自记事以来,李家祠堂从未有外人进入。
少女大概是第一个进入祠堂的人。
见这陌生少女张口便说是自己师父,李云谏下意识便道:“就凭你?”
看着年龄只比他大一两岁,想来修为也不会比自己高到哪里去,凭什么当他师父?
站在灵位前的少女皱了皱眉。
在她开口之前,跪在蒲团上的母亲起身,对他厉喝:“跪下!”
李云谏被吼得有些懵。
母亲是出了名的贤良淑德,与人说话从不急眼,更何况是当做眼珠子疼的自己。
不由自主的,他也将声音拔高了些:“我不跪!你就是不想让我修炼,所以才随便找了个人当我师父对不对?!说白了,你就是和父亲一样,认为我是个废物……”
“啪!”
脸上火辣辣的疼。
李云谏愣在原地。
王氏收回有些颤抖的手,撇过头不再看他。
李云谏这才发现母亲似乎刚哭过一场,手里抱着一块无字灵位。
看到母亲红肿的眼角,李云谏心中一涩。
“跪下。”
虽然心中依旧十分抗拒,但是萦绕在心头的不安让李云谏依言跪下。
他看着母亲跪在蒲团上的背影,总觉得要是再说错话做错事,母亲就会和父亲一样放弃自己然后离去。

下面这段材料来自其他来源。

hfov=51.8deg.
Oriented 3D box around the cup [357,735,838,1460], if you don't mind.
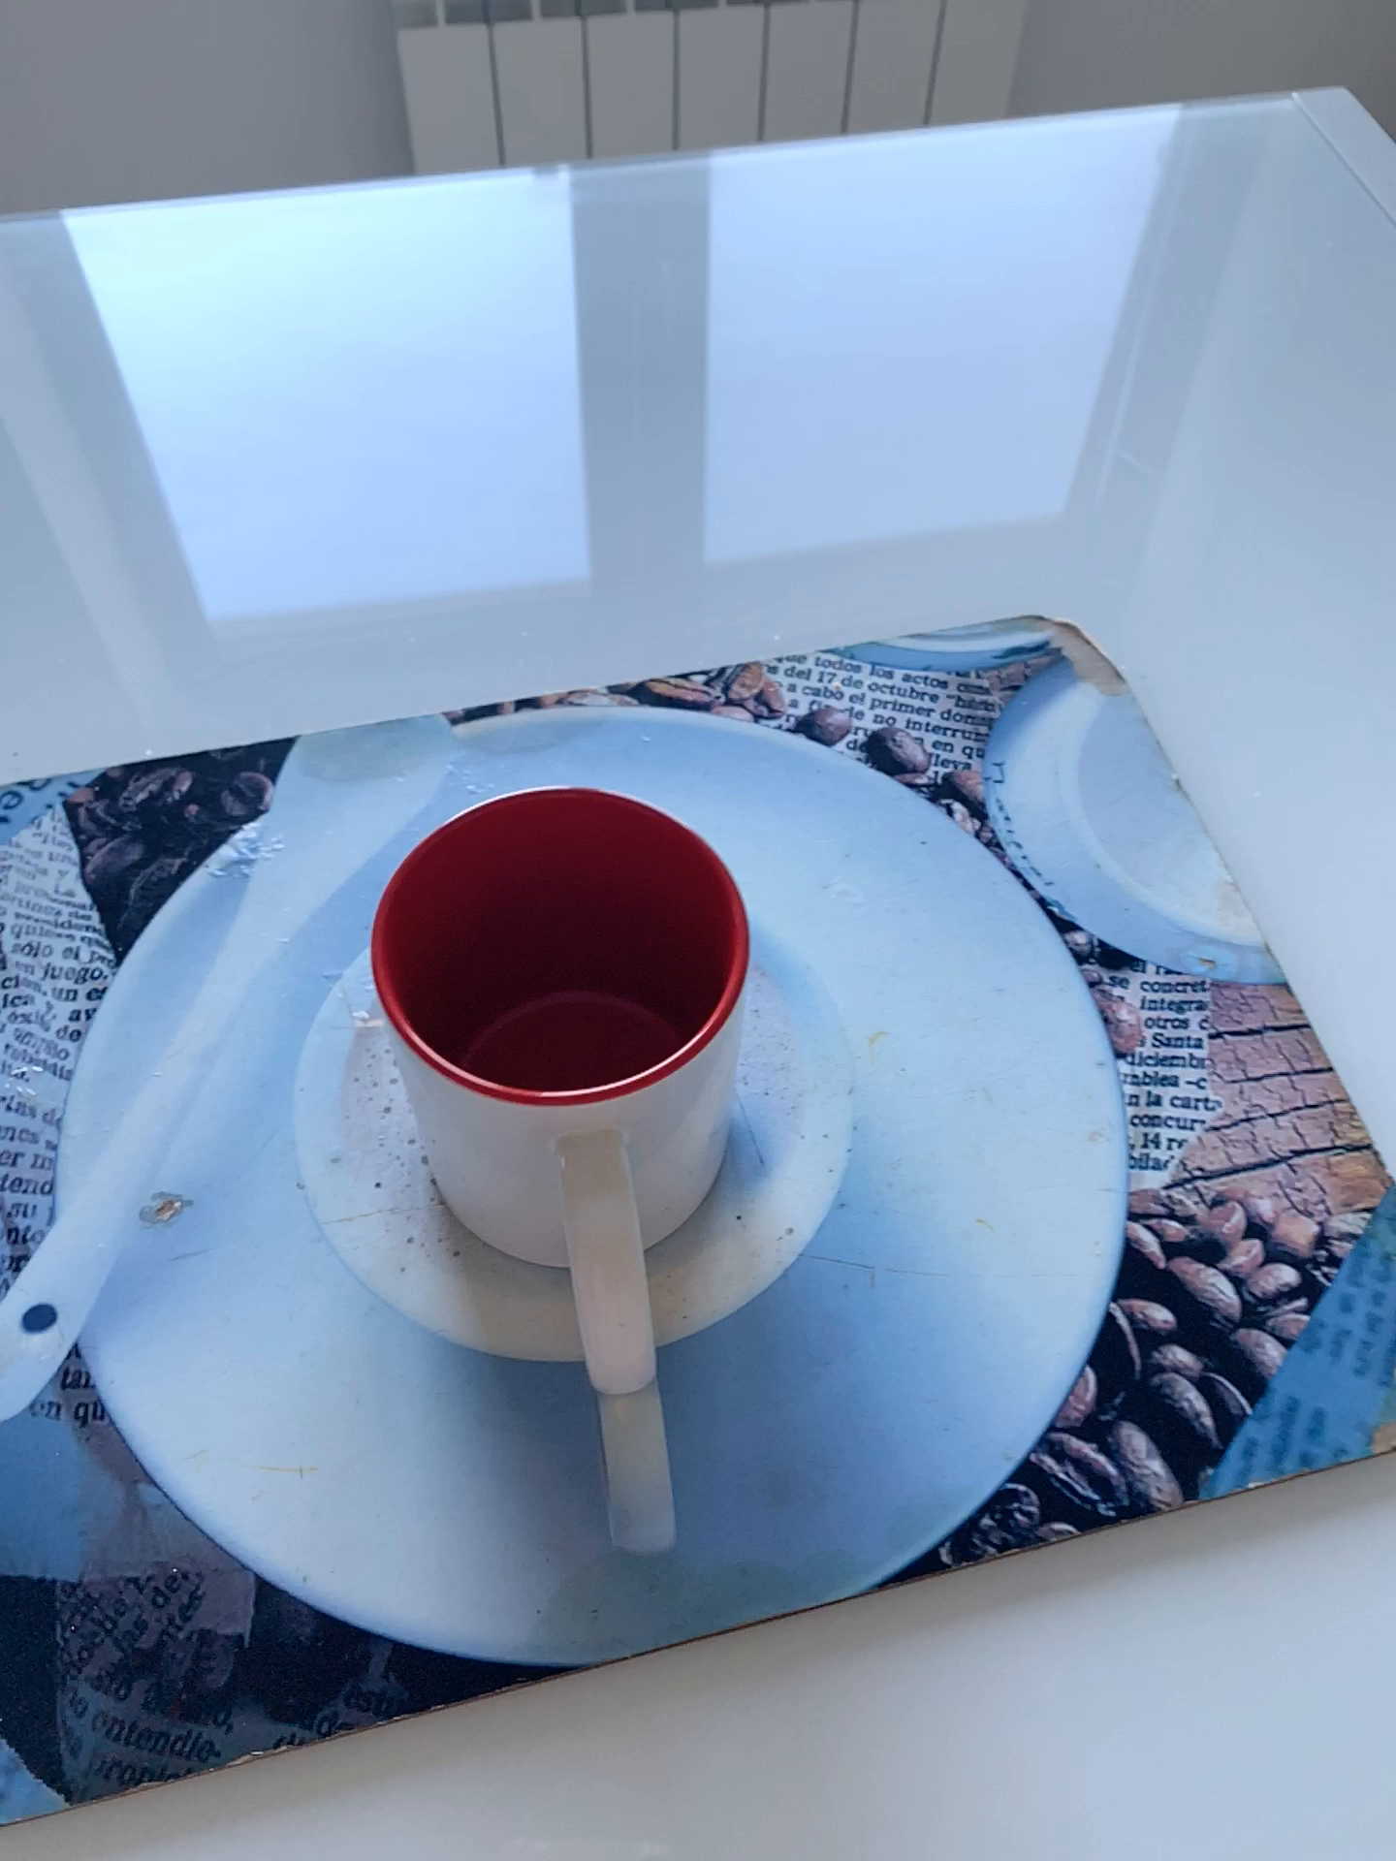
[{"bbox_3d":[-0.026,0.042,0.333,0.077,0.115,0.117,-9,58,-7],"label":"cup"}]

“自今日起,青林君便是你的师父。你须得事事以她为主,不惹她怒、逆她意;终生尊她、敬她,不得恨她、怨她,永世不与她为敌,否则千刀万剐,不得好死。”说完这些,王氏闭上眼轻叹一口气,“你若答应,就行拜师礼吧。”
“若不答应呢?”李云谏轻声问。
王氏平淡的语气里有了一丝冷意:“废你修为,将你逐出家谱,从此你我母子形同陌路。”
李云谏不可置信地看着母亲,见母亲没有丝毫回头看他的意思,沉默片刻后,对薛青林行了拜师礼。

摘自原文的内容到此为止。